::: MATERIALS PROVIDED

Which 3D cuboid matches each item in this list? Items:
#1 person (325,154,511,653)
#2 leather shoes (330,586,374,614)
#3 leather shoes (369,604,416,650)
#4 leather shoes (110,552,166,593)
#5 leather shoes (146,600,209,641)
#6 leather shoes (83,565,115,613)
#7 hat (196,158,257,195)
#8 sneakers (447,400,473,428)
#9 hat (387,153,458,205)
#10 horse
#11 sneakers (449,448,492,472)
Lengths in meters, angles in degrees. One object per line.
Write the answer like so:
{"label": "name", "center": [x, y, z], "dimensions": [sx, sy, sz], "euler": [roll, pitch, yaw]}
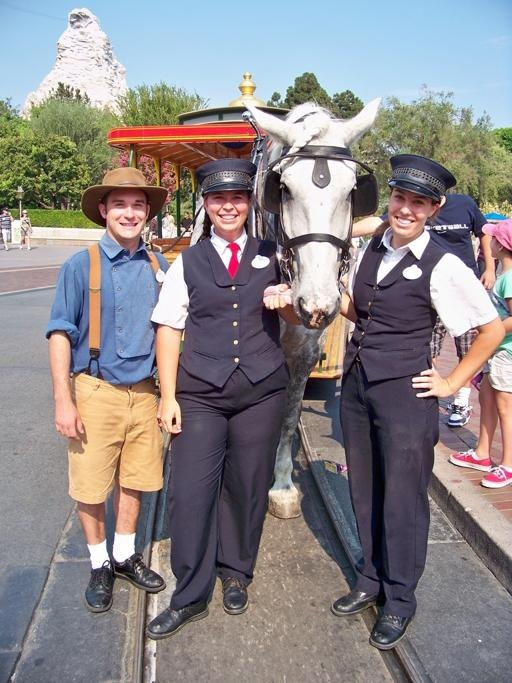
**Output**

::::::

- _WORK TASK_: Using the material above, tally each line where the word "sneakers" appears. Reply with the total only.

- _SOLUTION TO THIS TASK_: 2